## What to do
Reproduce each entry exactly as it reads. Leave the images out.

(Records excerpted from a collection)
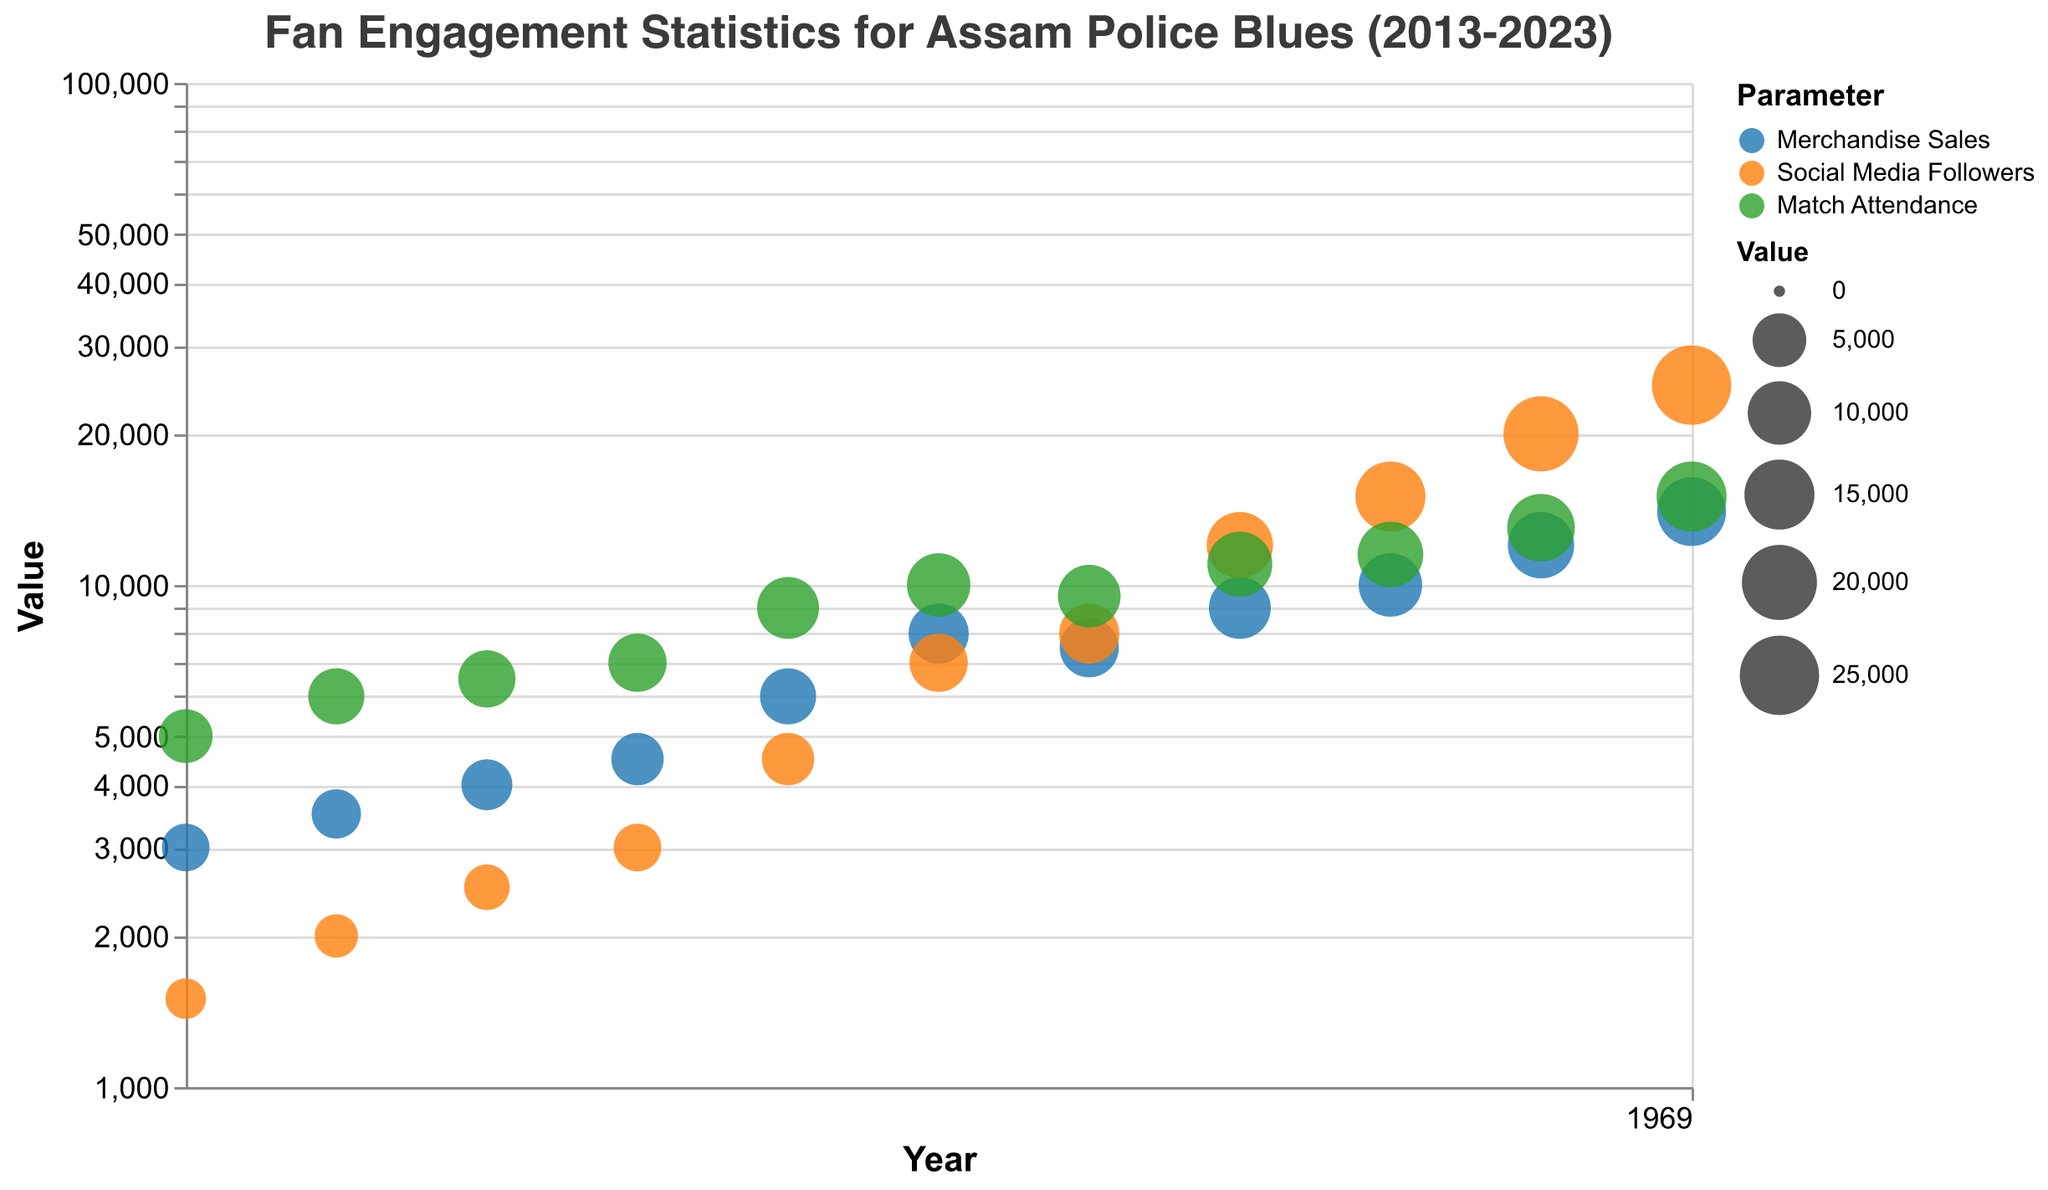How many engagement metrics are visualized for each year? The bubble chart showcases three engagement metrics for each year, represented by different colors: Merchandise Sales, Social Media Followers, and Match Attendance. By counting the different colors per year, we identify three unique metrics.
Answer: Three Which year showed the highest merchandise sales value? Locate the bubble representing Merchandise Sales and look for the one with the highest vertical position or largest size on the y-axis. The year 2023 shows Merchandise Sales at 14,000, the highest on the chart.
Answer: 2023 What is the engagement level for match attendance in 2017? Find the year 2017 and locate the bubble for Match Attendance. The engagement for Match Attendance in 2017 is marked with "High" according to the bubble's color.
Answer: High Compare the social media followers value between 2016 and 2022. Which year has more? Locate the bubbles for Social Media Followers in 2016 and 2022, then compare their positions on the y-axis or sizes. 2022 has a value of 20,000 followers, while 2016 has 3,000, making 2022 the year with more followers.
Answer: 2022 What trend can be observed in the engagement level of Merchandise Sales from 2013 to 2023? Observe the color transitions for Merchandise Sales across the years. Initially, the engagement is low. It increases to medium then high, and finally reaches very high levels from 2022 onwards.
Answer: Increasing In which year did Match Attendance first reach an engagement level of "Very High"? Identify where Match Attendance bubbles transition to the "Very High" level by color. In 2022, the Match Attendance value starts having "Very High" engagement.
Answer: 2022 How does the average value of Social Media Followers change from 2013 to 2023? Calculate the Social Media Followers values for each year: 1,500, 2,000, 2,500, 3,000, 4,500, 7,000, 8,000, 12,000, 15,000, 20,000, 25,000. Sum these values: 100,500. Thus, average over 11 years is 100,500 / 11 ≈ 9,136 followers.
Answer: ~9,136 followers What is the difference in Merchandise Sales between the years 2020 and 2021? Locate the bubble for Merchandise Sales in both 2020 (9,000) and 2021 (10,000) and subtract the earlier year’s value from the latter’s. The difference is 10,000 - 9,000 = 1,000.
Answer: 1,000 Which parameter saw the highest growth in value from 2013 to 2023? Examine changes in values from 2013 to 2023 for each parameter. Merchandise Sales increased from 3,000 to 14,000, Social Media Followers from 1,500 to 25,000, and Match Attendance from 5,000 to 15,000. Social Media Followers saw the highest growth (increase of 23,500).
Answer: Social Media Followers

## Exercise response
How many engagement metrics are visualized for each year? The bubble chart showcases three engagement metrics for each year, represented by different colors: Merchandise Sales, Social Media Followers, and Match Attendance. By counting the different colors per year, we identify three unique metrics.
Answer: Three Which year showed the highest merchandise sales value? Locate the bubble representing Merchandise Sales and look for the one with the highest vertical position or largest size on the y-axis. The year 2023 shows Merchandise Sales at 14,000, the highest on the chart.
Answer: 2023 What is the engagement level for match attendance in 2017? Find the year 2017 and locate the bubble for Match Attendance. The engagement for Match Attendance in 2017 is marked with "High" according to the bubble's color.
Answer: High Compare the social media followers value between 2016 and 2022. Which year has more? Locate the bubbles for Social Media Followers in 2016 and 2022, then compare their positions on the y-axis or sizes. 2022 has a value of 20,000 followers, while 2016 has 3,000, making 2022 the year with more followers.
Answer: 2022 What trend can be observed in the engagement level of Merchandise Sales from 2013 to 2023? Observe the color transitions for Merchandise Sales across the years. Initially, the engagement is low. It increases to medium then high, and finally reaches very high levels from 2022 onwards.
Answer: Increasing In which year did Match Attendance first reach an engagement level of "Very High"? Identify where Match Attendance bubbles transition to the "Very High" level by color. In 2022, the Match Attendance value starts having "Very High" engagement.
Answer: 2022 How does the average value of Social Media Followers change from 2013 to 2023? Calculate the Social Media Followers values for each year: 1,500, 2,000, 2,500, 3,000, 4,500, 7,000, 8,000, 12,000, 15,000, 20,000, 25,000. Sum these values: 100,500. Thus, average over 11 years is 100,500 / 11 ≈ 9,136 followers.
Answer: ~9,136 followers What is the difference in Merchandise Sales between the years 2020 and 2021? Locate the bubble for Merchandise Sales in both 2020 (9,000) and 2021 (10,000) and subtract the earlier year’s value from the latter’s. The difference is 10,000 - 9,000 = 1,000.
Answer: 1,000 Which parameter saw the highest growth in value from 2013 to 2023? Examine changes in values from 2013 to 2023 for each parameter. Merchandise Sales increased from 3,000 to 14,000, Social Media Followers from 1,500 to 25,000, and Match Attendance from 5,000 to 15,000. Social Media Followers saw the highest growth (increase of 23,500).
Answer: Social Media Followers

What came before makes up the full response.